(Collected data)
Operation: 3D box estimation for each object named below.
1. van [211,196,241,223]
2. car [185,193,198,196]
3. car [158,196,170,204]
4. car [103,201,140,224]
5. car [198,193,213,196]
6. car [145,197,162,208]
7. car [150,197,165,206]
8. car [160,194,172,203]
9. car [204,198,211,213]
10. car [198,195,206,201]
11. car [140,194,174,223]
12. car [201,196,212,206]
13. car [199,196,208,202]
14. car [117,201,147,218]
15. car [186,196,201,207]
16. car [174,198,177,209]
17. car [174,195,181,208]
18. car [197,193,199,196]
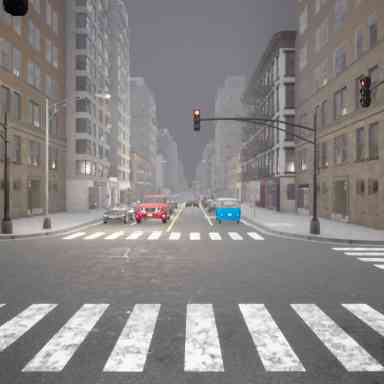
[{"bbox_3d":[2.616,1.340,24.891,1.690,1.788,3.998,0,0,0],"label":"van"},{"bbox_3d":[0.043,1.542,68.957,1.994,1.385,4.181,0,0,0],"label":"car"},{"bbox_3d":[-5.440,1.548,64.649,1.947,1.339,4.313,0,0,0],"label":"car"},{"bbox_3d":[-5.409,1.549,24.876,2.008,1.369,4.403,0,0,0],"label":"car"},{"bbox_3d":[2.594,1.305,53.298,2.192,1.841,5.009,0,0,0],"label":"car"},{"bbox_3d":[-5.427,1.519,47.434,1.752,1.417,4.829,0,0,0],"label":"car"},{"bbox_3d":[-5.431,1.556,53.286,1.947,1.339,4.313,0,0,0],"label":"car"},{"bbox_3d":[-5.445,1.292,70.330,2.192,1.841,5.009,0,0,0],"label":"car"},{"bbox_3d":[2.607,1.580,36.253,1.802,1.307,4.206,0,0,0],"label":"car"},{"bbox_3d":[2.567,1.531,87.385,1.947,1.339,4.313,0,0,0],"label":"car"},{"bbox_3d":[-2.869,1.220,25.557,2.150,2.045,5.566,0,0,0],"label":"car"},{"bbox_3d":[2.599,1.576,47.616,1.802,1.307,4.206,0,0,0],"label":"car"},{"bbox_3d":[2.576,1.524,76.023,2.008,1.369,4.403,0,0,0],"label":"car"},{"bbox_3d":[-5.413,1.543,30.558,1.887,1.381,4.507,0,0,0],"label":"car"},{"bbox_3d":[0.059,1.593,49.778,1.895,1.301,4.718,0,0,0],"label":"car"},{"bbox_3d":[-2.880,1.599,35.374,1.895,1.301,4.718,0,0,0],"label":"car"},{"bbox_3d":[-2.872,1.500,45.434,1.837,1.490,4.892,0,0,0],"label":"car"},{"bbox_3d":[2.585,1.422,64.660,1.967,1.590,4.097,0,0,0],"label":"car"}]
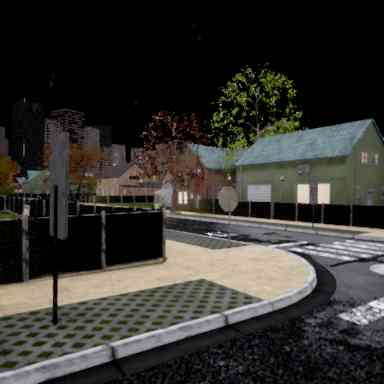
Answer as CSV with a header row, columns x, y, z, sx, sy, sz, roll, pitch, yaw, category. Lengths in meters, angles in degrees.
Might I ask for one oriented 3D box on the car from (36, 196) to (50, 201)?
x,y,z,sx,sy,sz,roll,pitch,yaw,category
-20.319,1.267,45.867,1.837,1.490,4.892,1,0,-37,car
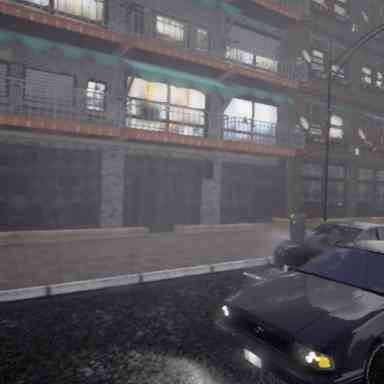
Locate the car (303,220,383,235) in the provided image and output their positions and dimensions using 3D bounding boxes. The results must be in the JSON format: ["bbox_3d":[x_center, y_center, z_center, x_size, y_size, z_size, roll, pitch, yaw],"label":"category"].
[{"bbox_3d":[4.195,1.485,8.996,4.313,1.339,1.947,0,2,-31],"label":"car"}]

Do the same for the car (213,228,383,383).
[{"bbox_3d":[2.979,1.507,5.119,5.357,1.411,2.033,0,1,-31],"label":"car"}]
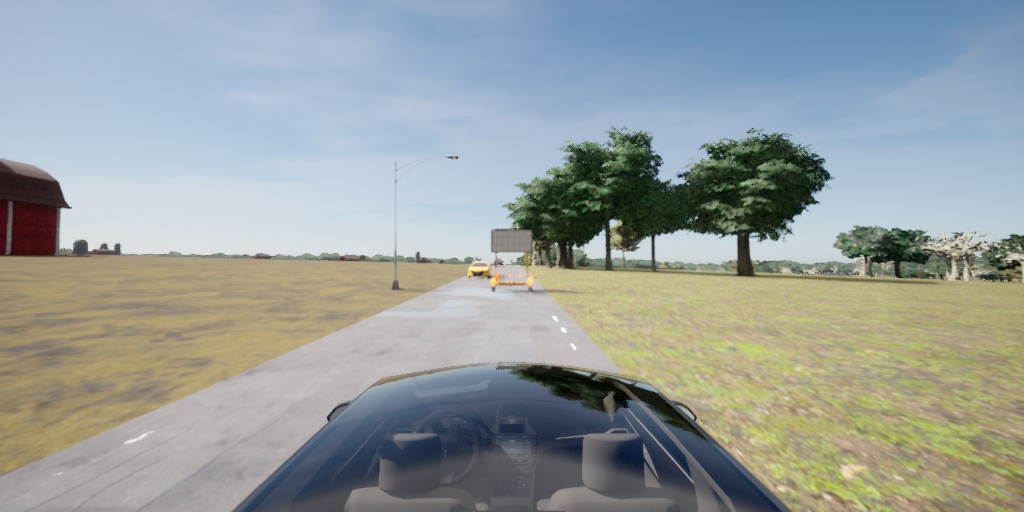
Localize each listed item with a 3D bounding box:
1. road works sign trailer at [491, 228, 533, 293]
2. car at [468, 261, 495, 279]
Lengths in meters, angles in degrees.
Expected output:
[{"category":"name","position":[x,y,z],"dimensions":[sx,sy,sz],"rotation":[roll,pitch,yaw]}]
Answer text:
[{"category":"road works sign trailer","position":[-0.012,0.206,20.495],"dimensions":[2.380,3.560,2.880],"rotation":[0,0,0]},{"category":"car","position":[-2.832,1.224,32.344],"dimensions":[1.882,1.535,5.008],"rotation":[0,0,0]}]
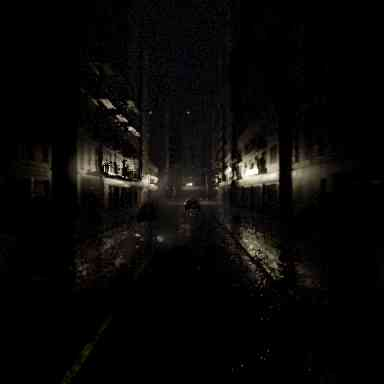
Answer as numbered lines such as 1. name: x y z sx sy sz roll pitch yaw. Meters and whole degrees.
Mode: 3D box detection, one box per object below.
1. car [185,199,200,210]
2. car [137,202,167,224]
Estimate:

- [What to produce]: Set the entries down again exactly, beginning with their first line and ending with the line that contains "17. car [174,195,181,208]"; omit all other lines.

- [Solution to the problem]:
Operation: 3D box estimation for each object named below.
1. van [211,196,241,223]
2. car [185,193,198,196]
3. car [158,196,170,204]
4. car [103,201,140,224]
5. car [198,193,213,196]
6. car [145,197,162,208]
7. car [150,197,165,206]
8. car [160,194,172,203]
9. car [204,198,211,213]
10. car [198,195,206,201]
11. car [140,194,174,223]
12. car [201,196,212,206]
13. car [199,196,208,202]
14. car [117,201,147,218]
15. car [186,196,201,207]
16. car [174,198,177,209]
17. car [174,195,181,208]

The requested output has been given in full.